As a kid, New Year’s Eve was just a strange thing I watched adults doing; some strange ritual of exuberance and doilies that descended into the sloshing of booze and haphazard indiscriminate kissing. I sat, impatiently waiting to break in my new diary. It was the pencil concealed in the spine; it did things to me.
Now, New Year’s Eve is that vaguely annoying import-laden mark in the social calendar when I can never quite decide what I want to do, and always end up being a bit disappointed. You can never do everything or see everyone, there’s not enough hours in the night, and you end up worrying that where you choose to spend your midnight is not what best defines your heart. Your friends are scattered and can’t be collected together in the same room. You love too many people. In thinking of all the people you won’t see, all the things you won’t do, you have to just… let it go. Be where you are, and be there fully. You will never do your whole heart justice is such a short and silly night.
Perhaps we’re not supposed to truly enjoy ushering in a new year when we’re not sure we did all that we could with the old one. It’s like throwing out dead flowers. It never quite feels right; their buds had held such possibilities.
The best New Year’s Eve I ever spent was the first one I was allowed out alone with friends, chancing it under-aged to a pub, which ended up with me getting bundled into an old telephone box by five men who should have known better. Naturally I was wearing DMs so they paid for their lascivious joie de vivre. That night was a revel; it was freedom. Now I see it as the year I took the baton of my own time. After observing adults flick off the years like fluff from their sleeve, I was now counting my own years for myself. I never knew as I roared Wonderwall into a throng of madmen that some part of my brain was taking a snapshot of it for later. I never knew that, later, New Year’s Eve wasn’t as casual as the adults made it look.
If one thing has become clearer from all the years of merrily ticking off another annus along the road to death, it is that nobody bloody knows the words to Auld Lang Syne. No one. I suspect it is at the moment you learn the last verse that you die. It is the bell which buzzes you through to the waiting room of eternity. “And there’s a hand, my trusty friend…” BOOF. Gone. See ya.

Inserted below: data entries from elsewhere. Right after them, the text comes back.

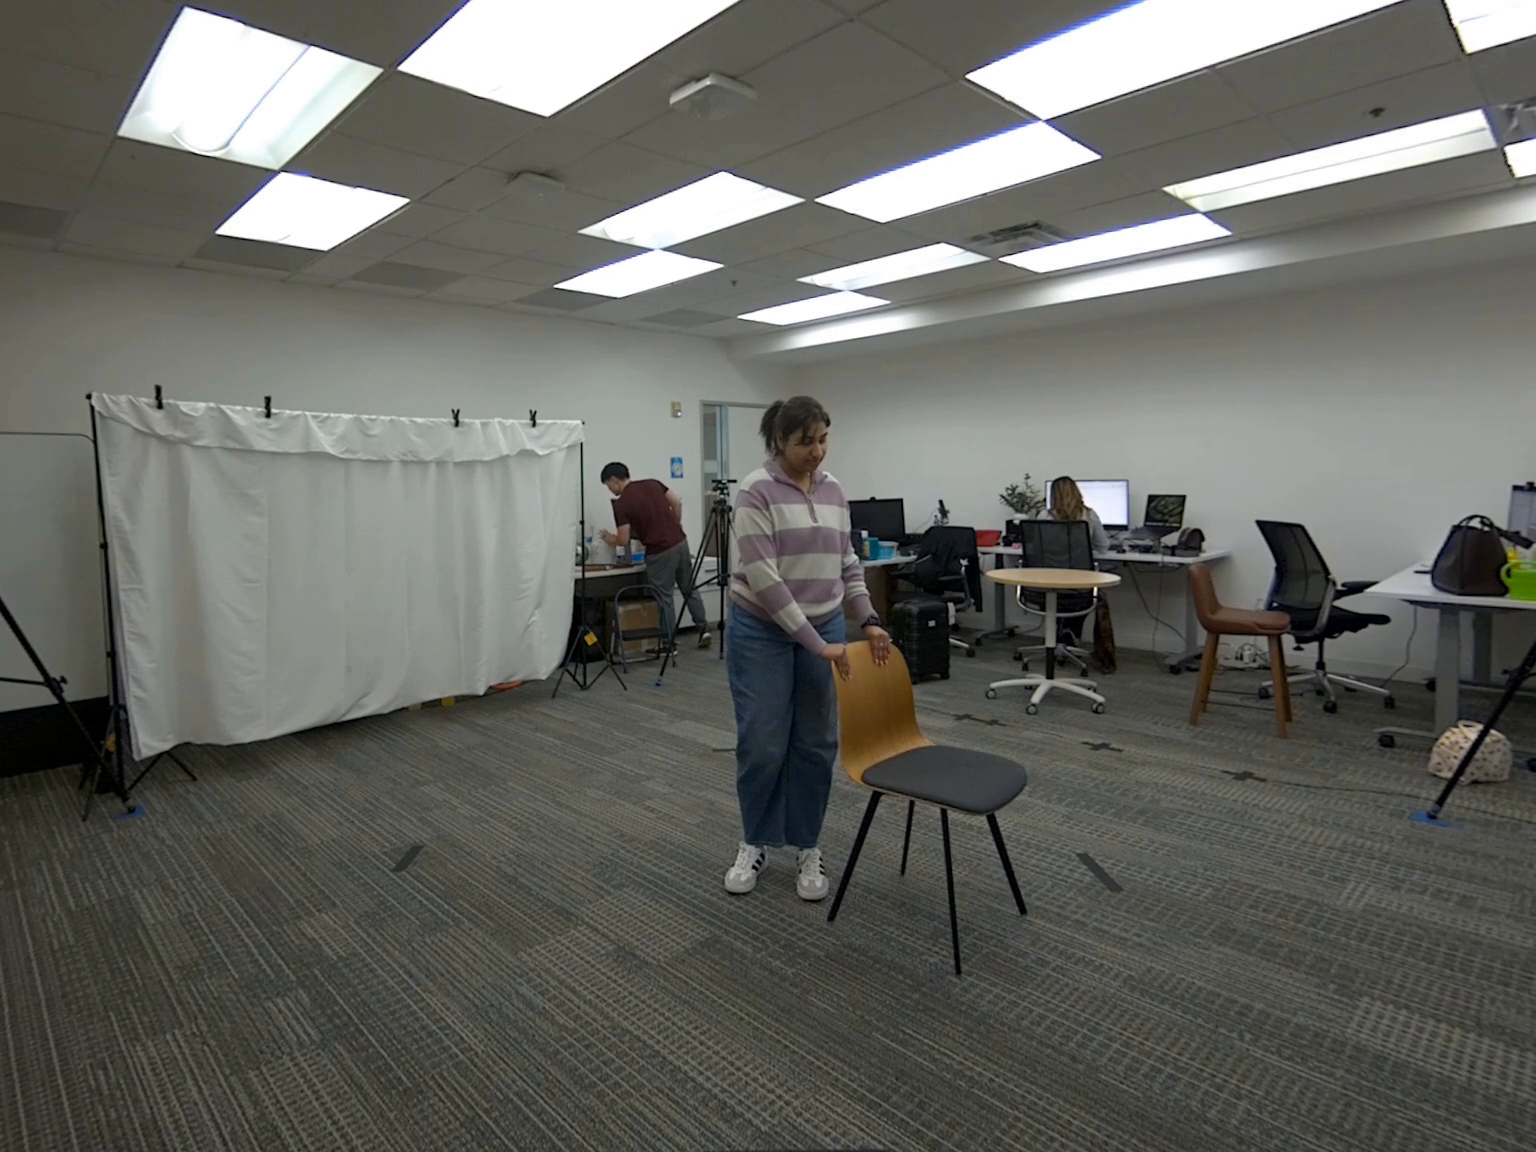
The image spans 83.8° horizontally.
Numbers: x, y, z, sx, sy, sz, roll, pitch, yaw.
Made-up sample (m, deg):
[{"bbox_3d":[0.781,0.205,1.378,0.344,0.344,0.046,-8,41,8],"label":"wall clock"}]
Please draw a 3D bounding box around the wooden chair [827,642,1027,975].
[{"bbox_3d":[0.505,0.658,2.670,0.537,0.877,0.465,-4,1,42],"label":"wooden chair"}]

Chancing the invitation to my own demise I googled the words, and found that most other columnists around the globe are writing something quite similar to this. Columnists talking about Robbie Burns’ famously unknown lyrics, about new years customs and resolutions, about traditions with friends. I worried that Christmas slothdom might have stolen the last wisp of originality from me. But then I felt comforted. Writing a New Year’s Eve column and feeling the trite pull to mention Auld Lang Syne is almost as unavoidable as the passing of the year itself. The song is the twine that stitches our years together; it’s as culturally innate to us as Happy Birthday, and is a darn sight less annoying.
What was strange about reading the lyrics to the song that everyone sings but no one knows was the fact that, despite never having heard them in a collected entirety amid the mumbling of drunken fools, I knew the feeling of the piece. It had made it through all the years of wrongly translated Scottish verse. It had made it through the weird cross-armed hand-shaking and ill-pitched droning – made it even through the mulsh of drunkenness.
It’s about friendship.
Allow me to paraphrase:
Cor. Life’s been a bit of a tinker so far, hasn’t it?
Let’s have a ruddy drink.
I’m glad you’re here, old chum. We’re in this together, right?
Yes. But it’s your round, you cheeky tyke.
Oh, give us a cuddle. We could die in five minutes for all we know.
Okay.
And that’s pretty much it. Sort of.
Naturally, I’ll have forgotten any lyrics I’ve inadvertently taken in by the time I come to sing it at midnight tonight. But I’ll feel its sentiment coursing through me with the wine and the time. I’ll cross my arms against my chest, and link palms with the people by my side. I’ll shake hands with Time itself; make some sort of uncertain deal. We’ll all be holding hands, humming the tune, but never quite knowing the words; not knowing what the next year will have in store for us, but together in our not knowing. And then there’ll be awkward messy kissing, and we’ll have another drink that we don’t need, but want.